The receiver of an insolvent corporation, appointed by the state court, becomes the custodian of the property, but the corporate entity still exists, and, under the Revised Statutes of New Jersey, until the injunction continues four months, the corporation may use and exercise its franchises and transact ordinary business in its own name, subject to the right of the receiver to the possession and control of the property.
2. SAME.
There is nothing in insolvency proceedings to prevent the corporation from continuing to accomplish the end and purpose of its existence; at least, until its franchise or right to act as a corporation is sold under the provisions of the statute, if, indeed, such sale would have that effect.
3. SAME—REMOVAL OF CAUSE—ATTACHMENTS.
So there is nothing to prevent an insolvent corporation, whose property is in the hands of a receiver, from appearing to attachments against its property and removing the controversy to the federal court.

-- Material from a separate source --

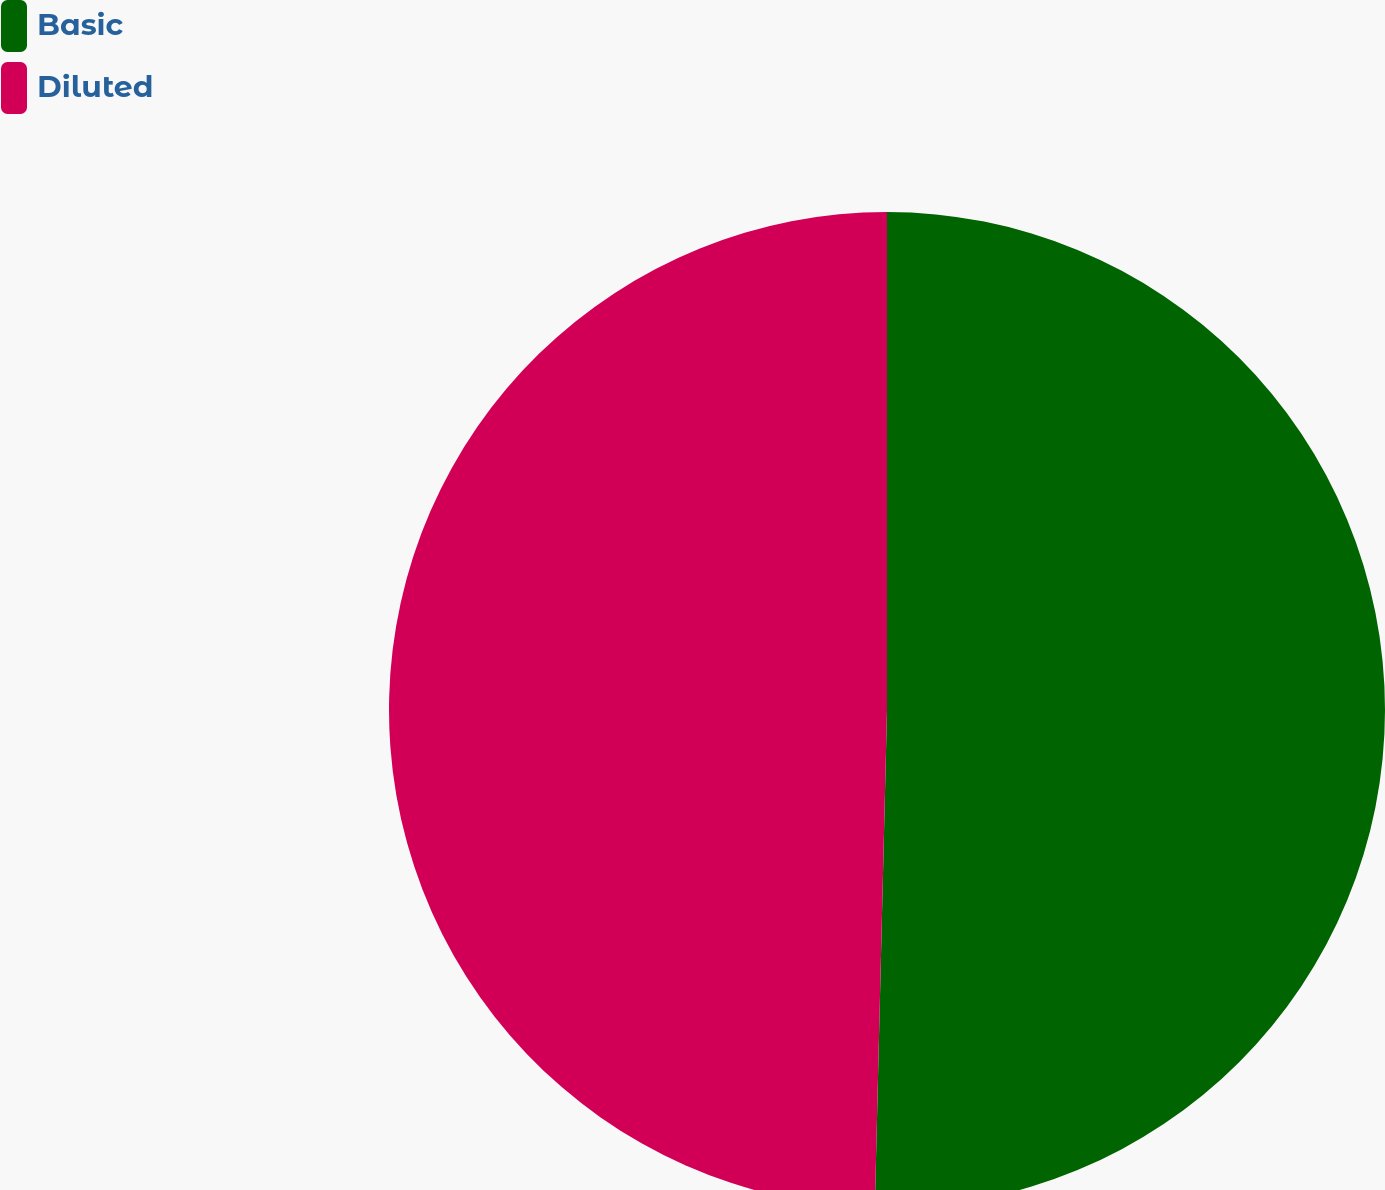Convert chart. <chart><loc_0><loc_0><loc_500><loc_500><pie_chart><fcel>Basic<fcel>Diluted<nl><fcel>50.39%<fcel>49.61%<nl></chart>

Blake & Taylor, for the motion.
Preston Stevenson, contra.
NIXON, D. J. This is a motion of Alfred Wagstaff, receiver of the New York Silk Manufacturing Company, appointed by the supreme court of New York, and Augustus Zabriskie, receiver, appointed by the court of chancery of New Jersey, to strike out the appearance entered by the defendant company to two writs of foreign attachment 533 issued by the circuit court of the county of Hudson, New Jersey, against the property of the said company. The admitted facts of the case are these:
The New York Silk Manufacturing Company is an insolvent corporation, organized under the laws of the state of New York, doing business and having property in the state of New Jersey. On the thirteenth of September, 1881, one James Michin, a creditor, filed a bill in the court of chancery of New Jersey against the said company, alleging its insolvency, and praying for an injunction and for the appointment of a receiver. Pending this proceeding, to-wit, on the third of October, 1881, the Second National Bank of Paterson caused a writ of foreign attachment to be issued against the property of the company, by virtue of which the sheriff of the county of Hudson levied upon all its goods and chattels within the jurisdiction, and duly returned the writ with an inventory and appraisement of the property seized. On the twenty-ninth of October a second writ was issued out of the same court against the same defendant, by the same plaintiff, which was also levied upon the same property that was inventoried and appraised under the first writ. Subsequently to the issue of the first attachment, to-wit, on the twenty-first of October, the chancellor of New Jersey signed an order restraining the defendant company, and its officers and agents, from selling, transferring, encumbering. or otherwise disposing of any of the goods, chattels, rights, credits, moneys, or effects of the said company until the further order of the court. On the seventh of November the chancellor signed another order, appointing Augustus Zabriskie receiver. and directing him, before entering upon the office, to take the oath prescribed by law, and to give bond to the chancellor, with approved security, in the sum of $25,000, conditioned for the faithful discharge of its duties. The oath was taken, and the bond executed and filed, on the following fifteenth day of November.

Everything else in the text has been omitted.